Rare, Collectible, & Otherwise

Category: Blog (Page 150 of 153)

Easter eggs & dying. (Or feeling that way…)

The telephone call-list indicated on Monday morning that I had missed several calls on Easter Sunday. Here is my public admission: I surrendered in exhaustion mid-afternoon. I hadn’t had a morning shower (occupied at the time) and after several trips to storage lugging boxes to haul into the shop, I just gave out.

Not to be a whiner. There were several muscles left that did not ache.

Instead of spending the remainder of the day hauling, I took a long, hot shower, bought some vegetables and cooked up an Easter evening dinner of ham, mashed spuds, fresh green beans, Philly-cream corn, and steamed carrots.

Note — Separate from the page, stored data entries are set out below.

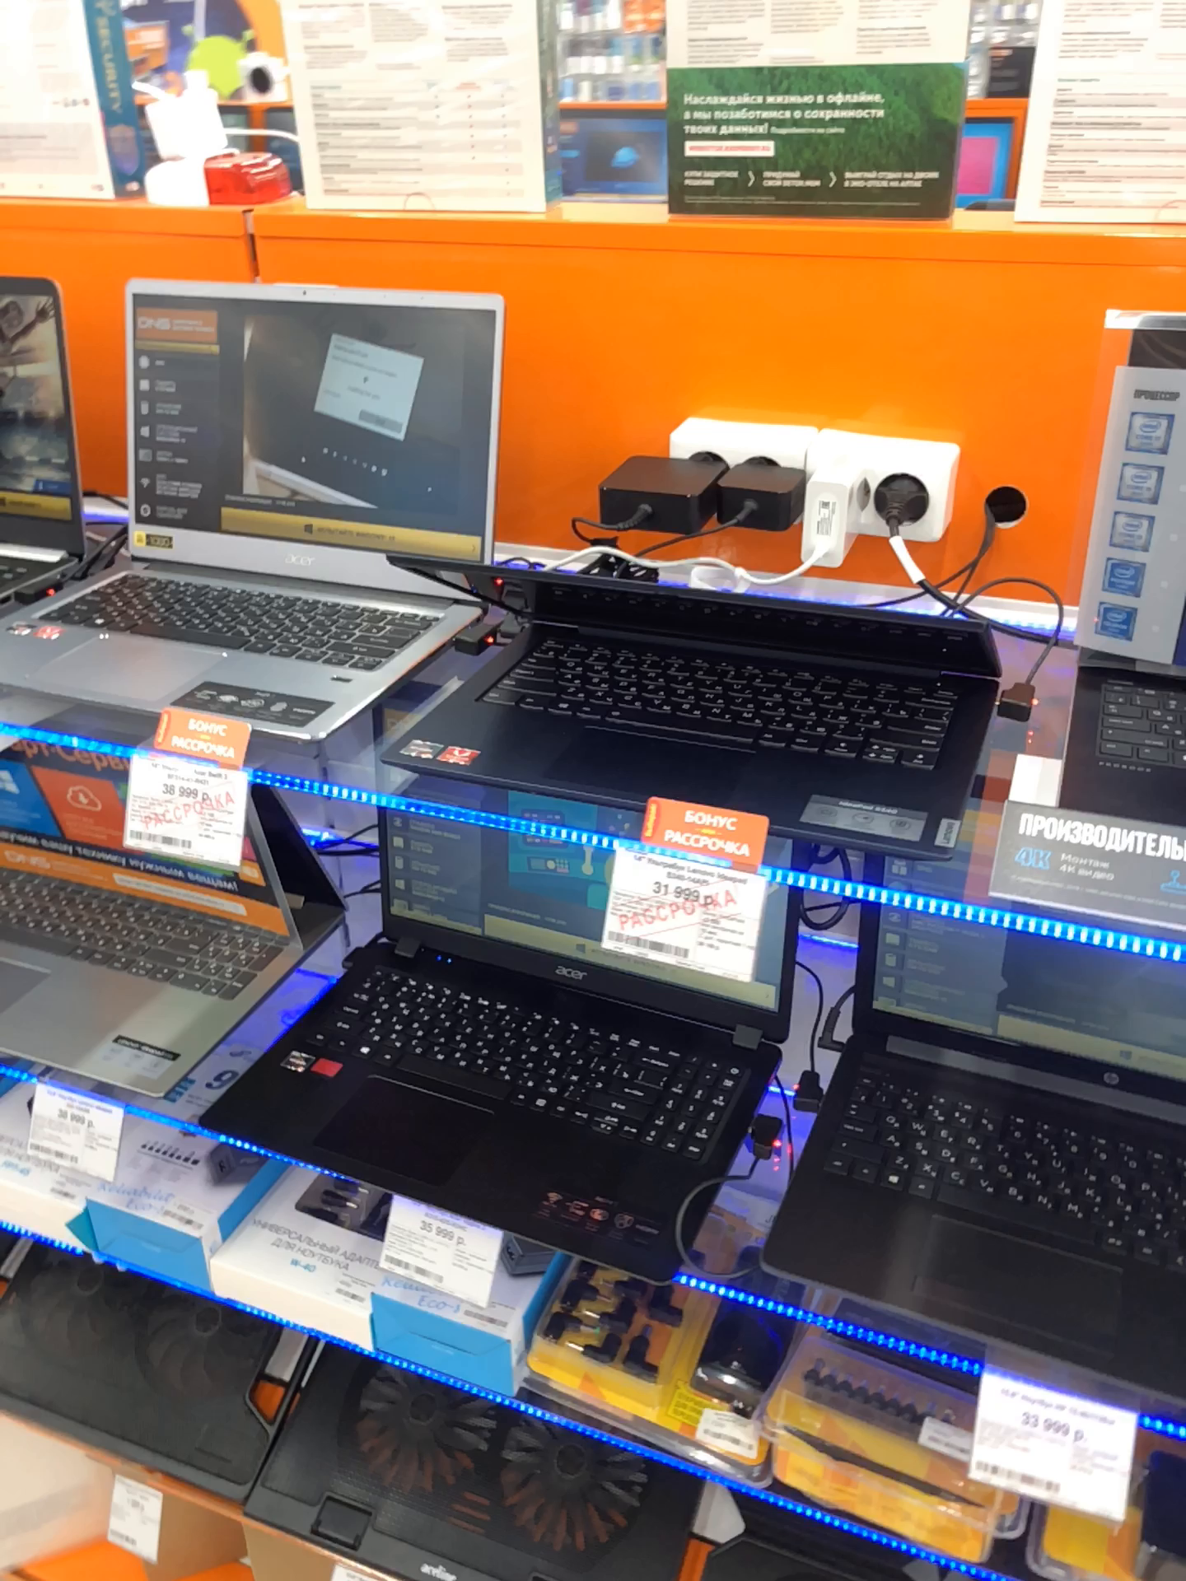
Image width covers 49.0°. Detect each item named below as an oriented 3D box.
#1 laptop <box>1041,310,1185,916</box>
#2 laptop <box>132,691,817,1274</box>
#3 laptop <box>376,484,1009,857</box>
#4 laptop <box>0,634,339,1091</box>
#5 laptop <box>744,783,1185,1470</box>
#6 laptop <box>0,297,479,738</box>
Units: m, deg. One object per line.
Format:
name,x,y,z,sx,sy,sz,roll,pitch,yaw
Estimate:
laptop,0.418,-0.108,0.636,0.306,0.213,0.229,10,29,22
laptop,-0.065,0.106,0.880,0.342,0.230,0.247,11,30,24
laptop,0.063,-0.085,0.742,0.299,0.106,0.212,9,30,21
laptop,-0.433,0.040,1.017,0.348,0.207,0.236,11,31,18
laptop,0.299,0.166,0.754,0.353,0.215,0.226,11,30,23
laptop,-0.279,-0.194,0.850,0.315,0.203,0.225,10,30,20

The couch called, and I didn’t miss that one – getting positioned just in time to see Bubba knock a curveball out of the forest and onto the green to win the Masters tournament. Read a little David Copperfield and fell asleep early.

Before ten in the morning on Monday, I had already brought over another couple of loads of book boxes. (The cartons are actually liquor store cardboard which have caused several passersby to wonder whether it’s a bar going in to the space. Nope. They are just a good-sized box for packing and carrying books.)

I’ve uploaded some pictures as proof that I haven’t been slacking too much. Perspective is an amazing thing. A couple of the images show the store from the front and the back with the boxes in view. In the other picture, I’ve positioned the camera so the stacks of cartons don’t show. You may click on any image for a larger view.

Hopefully, the store will soon be as organized as it appears to be in the well-positioned shot.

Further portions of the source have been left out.